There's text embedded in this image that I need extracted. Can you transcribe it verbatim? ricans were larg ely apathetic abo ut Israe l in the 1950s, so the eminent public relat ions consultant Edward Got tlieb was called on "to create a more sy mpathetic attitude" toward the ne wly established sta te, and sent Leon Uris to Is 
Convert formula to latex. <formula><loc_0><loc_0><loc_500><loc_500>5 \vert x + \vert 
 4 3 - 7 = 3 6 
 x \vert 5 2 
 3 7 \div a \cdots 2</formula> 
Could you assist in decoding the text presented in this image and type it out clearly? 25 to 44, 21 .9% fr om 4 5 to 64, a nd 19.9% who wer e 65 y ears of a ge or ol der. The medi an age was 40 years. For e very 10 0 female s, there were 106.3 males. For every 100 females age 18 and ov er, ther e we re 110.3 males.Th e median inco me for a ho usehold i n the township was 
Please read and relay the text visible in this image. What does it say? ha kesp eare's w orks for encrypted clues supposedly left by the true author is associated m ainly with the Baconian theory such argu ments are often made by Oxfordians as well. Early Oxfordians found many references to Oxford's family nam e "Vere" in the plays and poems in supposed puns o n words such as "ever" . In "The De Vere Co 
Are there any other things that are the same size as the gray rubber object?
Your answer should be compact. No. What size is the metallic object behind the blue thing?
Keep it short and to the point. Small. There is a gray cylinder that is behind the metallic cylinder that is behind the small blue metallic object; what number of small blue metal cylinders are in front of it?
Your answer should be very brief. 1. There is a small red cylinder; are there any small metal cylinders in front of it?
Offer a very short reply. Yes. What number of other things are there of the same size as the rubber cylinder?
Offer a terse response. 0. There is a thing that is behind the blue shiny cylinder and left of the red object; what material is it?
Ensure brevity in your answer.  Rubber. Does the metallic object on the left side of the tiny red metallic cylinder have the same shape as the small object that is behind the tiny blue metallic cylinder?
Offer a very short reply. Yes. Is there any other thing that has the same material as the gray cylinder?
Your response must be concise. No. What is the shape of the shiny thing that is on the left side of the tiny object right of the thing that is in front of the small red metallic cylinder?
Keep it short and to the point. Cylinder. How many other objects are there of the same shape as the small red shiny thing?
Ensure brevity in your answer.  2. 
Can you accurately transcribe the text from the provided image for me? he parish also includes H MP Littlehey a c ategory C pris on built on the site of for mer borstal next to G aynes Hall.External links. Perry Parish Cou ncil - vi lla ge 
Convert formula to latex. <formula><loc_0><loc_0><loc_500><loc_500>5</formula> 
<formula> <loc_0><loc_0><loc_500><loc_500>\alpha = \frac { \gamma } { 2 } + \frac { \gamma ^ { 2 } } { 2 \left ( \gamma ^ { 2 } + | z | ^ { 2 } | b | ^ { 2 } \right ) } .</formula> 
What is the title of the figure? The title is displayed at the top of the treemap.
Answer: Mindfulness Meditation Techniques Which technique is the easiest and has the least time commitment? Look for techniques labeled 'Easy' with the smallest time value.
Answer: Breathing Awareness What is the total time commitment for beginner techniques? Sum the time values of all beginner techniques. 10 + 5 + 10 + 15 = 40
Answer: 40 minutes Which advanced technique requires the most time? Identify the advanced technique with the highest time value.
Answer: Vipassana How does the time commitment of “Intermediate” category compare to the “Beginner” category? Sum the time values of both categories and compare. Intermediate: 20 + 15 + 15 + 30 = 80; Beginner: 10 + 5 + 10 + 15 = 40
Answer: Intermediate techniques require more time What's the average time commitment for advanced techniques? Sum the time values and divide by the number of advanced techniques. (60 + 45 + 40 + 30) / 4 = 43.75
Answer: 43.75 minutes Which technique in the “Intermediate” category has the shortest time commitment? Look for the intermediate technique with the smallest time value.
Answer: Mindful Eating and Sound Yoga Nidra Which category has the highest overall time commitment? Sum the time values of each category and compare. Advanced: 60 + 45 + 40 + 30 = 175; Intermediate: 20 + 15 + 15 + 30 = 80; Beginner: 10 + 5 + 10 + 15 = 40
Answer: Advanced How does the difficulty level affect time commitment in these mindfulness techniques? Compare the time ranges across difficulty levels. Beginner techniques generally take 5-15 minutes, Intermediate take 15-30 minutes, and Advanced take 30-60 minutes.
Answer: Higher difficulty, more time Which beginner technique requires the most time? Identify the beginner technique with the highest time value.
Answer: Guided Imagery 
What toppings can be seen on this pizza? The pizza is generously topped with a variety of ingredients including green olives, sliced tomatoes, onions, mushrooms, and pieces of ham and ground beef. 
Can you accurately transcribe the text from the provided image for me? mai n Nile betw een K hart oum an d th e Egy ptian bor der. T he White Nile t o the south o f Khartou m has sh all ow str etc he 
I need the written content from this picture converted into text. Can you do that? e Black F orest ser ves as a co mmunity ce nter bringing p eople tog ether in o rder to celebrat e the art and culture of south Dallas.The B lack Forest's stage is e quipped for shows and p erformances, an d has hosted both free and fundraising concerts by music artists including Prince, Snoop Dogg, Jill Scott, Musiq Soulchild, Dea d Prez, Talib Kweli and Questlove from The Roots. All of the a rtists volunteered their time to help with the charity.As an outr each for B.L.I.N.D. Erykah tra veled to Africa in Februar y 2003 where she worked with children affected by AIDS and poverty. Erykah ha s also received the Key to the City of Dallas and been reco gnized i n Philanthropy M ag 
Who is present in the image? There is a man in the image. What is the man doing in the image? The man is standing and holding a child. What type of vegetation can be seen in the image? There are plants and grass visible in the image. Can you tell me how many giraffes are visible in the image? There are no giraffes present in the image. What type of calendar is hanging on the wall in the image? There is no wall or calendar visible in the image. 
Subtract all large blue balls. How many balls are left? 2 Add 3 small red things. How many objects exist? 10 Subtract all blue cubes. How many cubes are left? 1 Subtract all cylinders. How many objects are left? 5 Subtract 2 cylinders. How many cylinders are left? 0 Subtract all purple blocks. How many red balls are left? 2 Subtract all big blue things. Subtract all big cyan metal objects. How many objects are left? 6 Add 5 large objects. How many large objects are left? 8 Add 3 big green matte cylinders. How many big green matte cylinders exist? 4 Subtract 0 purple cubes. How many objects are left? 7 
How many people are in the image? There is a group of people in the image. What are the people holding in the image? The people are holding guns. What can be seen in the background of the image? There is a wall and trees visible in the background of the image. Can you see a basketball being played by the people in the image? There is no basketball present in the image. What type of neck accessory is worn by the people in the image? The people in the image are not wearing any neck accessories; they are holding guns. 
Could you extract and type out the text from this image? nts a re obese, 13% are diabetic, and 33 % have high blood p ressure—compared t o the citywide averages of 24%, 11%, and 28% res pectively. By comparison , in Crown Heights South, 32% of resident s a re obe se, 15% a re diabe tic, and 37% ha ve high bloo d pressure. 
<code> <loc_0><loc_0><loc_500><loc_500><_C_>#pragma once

☆ ☆ ☆ ☆ ☆ ☆ ☆

_Problem:_ Give the records again, exactly as they appear.

_Result:_
There's text embedded in this image that I need extracted. Can you transcribe it verbatim? ricans were larg ely apathetic abo ut Israe l in the 1950s, so the eminent public relat ions consultant Edward Got tlieb was called on "to create a more sy mpathetic attitude" toward the ne wly established sta te, and sent Leon Uris to Is 
Convert formula to latex. <formula><loc_0><loc_0><loc_500><loc_500>5 \vert x + \vert 
 4 3 - 7 = 3 6 
 x \vert 5 2 
 3 7 \div a \cdots 2</formula> 
Could you assist in decoding the text presented in this image and type it out clearly? 25 to 44, 21 .9% fr om 4 5 to 64, a nd 19.9% who wer e 65 y ears of a ge or ol der. The medi an age was 40 years. For e very 10 0 female s, there were 106.3 males. For every 100 females age 18 and ov er, ther e we re 110.3 males.Th e median inco me for a ho usehold i n the township was 
Please read and relay the text visible in this image. What does it say? ha kesp eare's w orks for encrypted clues supposedly left by the true author is associated m ainly with the Baconian theory such argu ments are often made by Oxfordians as well. Early Oxfordians found many references to Oxford's family nam e "Vere" in the plays and poems in supposed puns o n words such as "ever" . In "The De Vere Co 
Are there any other things that are the same size as the gray rubber object?
Your answer should be compact. No. What size is the metallic object behind the blue thing?
Keep it short and to the point. Small. There is a gray cylinder that is behind the metallic cylinder that is behind the small blue metallic object; what number of small blue metal cylinders are in front of it?
Your answer should be very brief. 1. There is a small red cylinder; are there any small metal cylinders in front of it?
Offer a very short reply. Yes. What number of other things are there of the same size as the rubber cylinder?
Offer a terse response. 0. There is a thing that is behind the blue shiny cylinder and left of the red object; what material is it?
Ensure brevity in your answer.  Rubber. Does the metallic object on the left side of the tiny red metallic cylinder have the same shape as the small object that is behind the tiny blue metallic cylinder?
Offer a very short reply. Yes. Is there any other thing that has the same material as the gray cylinder?
Your response must be concise. No. What is the shape of the shiny thing that is on the left side of the tiny object right of the thing that is in front of the small red metallic cylinder?
Keep it short and to the point. Cylinder. How many other objects are there of the same shape as the small red shiny thing?
Ensure brevity in your answer.  2. 
Can you accurately transcribe the text from the provided image for me? he parish also includes H MP Littlehey a c ategory C pris on built on the site of for mer borstal next to G aynes Hall.External links. Perry Parish Cou ncil - vi lla ge 
Convert formula to latex. <formula><loc_0><loc_0><loc_500><loc_500>5</formula> 
<formula> <loc_0><loc_0><loc_500><loc_500>\alpha = \frac { \gamma } { 2 } + \frac { \gamma ^ { 2 } } { 2 \left ( \gamma ^ { 2 } + | z | ^ { 2 } | b | ^ { 2 } \right ) } .</formula> 
What is the title of the figure? The title is displayed at the top of the treemap.
Answer: Mindfulness Meditation Techniques Which technique is the easiest and has the least time commitment? Look for techniques labeled 'Easy' with the smallest time value.
Answer: Breathing Awareness What is the total time commitment for beginner techniques? Sum the time values of all beginner techniques. 10 + 5 + 10 + 15 = 40
Answer: 40 minutes Which advanced technique requires the most time? Identify the advanced technique with the highest time value.
Answer: Vipassana How does the time commitment of “Intermediate” category compare to the “Beginner” category? Sum the time values of both categories and compare. Intermediate: 20 + 15 + 15 + 30 = 80; Beginner: 10 + 5 + 10 + 15 = 40
Answer: Intermediate techniques require more time What's the average time commitment for advanced techniques? Sum the time values and divide by the number of advanced techniques. (60 + 45 + 40 + 30) / 4 = 43.75
Answer: 43.75 minutes Which technique in the “Intermediate” category has the shortest time commitment? Look for the intermediate technique with the smallest time value.
Answer: Mindful Eating and Sound Yoga Nidra Which category has the highest overall time commitment? Sum the time values of each category and compare. Advanced: 60 + 45 + 40 + 30 = 175; Intermediate: 20 + 15 + 15 + 30 = 80; Beginner: 10 + 5 + 10 + 15 = 40
Answer: Advanced How does the difficulty level affect time commitment in these mindfulness techniques? Compare the time ranges across difficulty levels. Beginner techniques generally take 5-15 minutes, Intermediate take 15-30 minutes, and Advanced take 30-60 minutes.
Answer: Higher difficulty, more time Which beginner technique requires the most time? Identify the beginner technique with the highest time value.
Answer: Guided Imagery 
What toppings can be seen on this pizza? The pizza is generously topped with a variety of ingredients including green olives, sliced tomatoes, onions, mushrooms, and pieces of ham and ground beef. 
Can you accurately transcribe the text from the provided image for me? mai n Nile betw een K hart oum an d th e Egy ptian bor der. T he White Nile t o the south o f Khartou m has sh all ow str etc he 
I need the written content from this picture converted into text. Can you do that? e Black F orest ser ves as a co mmunity ce nter bringing p eople tog ether in o rder to celebrat e the art and culture of south Dallas.The B lack Forest's stage is e quipped for shows and p erformances, an d has hosted both free and fundraising concerts by music artists including Prince, Snoop Dogg, Jill Scott, Musiq Soulchild, Dea d Prez, Talib Kweli and Questlove from The Roots. All of the a rtists volunteered their time to help with the charity.As an outr each for B.L.I.N.D. Erykah tra veled to Africa in Februar y 2003 where she worked with children affected by AIDS and poverty. Erykah ha s also received the Key to the City of Dallas and been reco gnized i n Philanthropy M ag 
Who is present in the image? There is a man in the image. What is the man doing in the image? The man is standing and holding a child. What type of vegetation can be seen in the image? There are plants and grass visible in the image. Can you tell me how many giraffes are visible in the image? There are no giraffes present in the image. What type of calendar is hanging on the wall in the image? There is no wall or calendar visible in the image. 
Subtract all large blue balls. How many balls are left? 2 Add 3 small red things. How many objects exist? 10 Subtract all blue cubes. How many cubes are left? 1 Subtract all cylinders. How many objects are left? 5 Subtract 2 cylinders. How many cylinders are left? 0 Subtract all purple blocks. How many red balls are left? 2 Subtract all big blue things. Subtract all big cyan metal objects. How many objects are left? 6 Add 5 large objects. How many large objects are left? 8 Add 3 big green matte cylinders. How many big green matte cylinders exist? 4 Subtract 0 purple cubes. How many objects are left? 7 
How many people are in the image? There is a group of people in the image. What are the people holding in the image? The people are holding guns. What can be seen in the background of the image? There is a wall and trees visible in the background of the image. Can you see a basketball being played by the people in the image? There is no basketball present in the image. What type of neck accessory is worn by the people in the image? The people in the image are not wearing any neck accessories; they are holding guns. 
Could you extract and type out the text from this image? nts a re obese, 13% are diabetic, and 33 % have high blood p ressure—compared t o the citywide averages of 24%, 11%, and 28% res pectively. By comparison , in Crown Heights South, 32% of resident s a re obe se, 15% a re diabe tic, and 37% ha ve high bloo d pressure. 
<code> <loc_0><loc_0><loc_500><loc_500><_C_>#pragma once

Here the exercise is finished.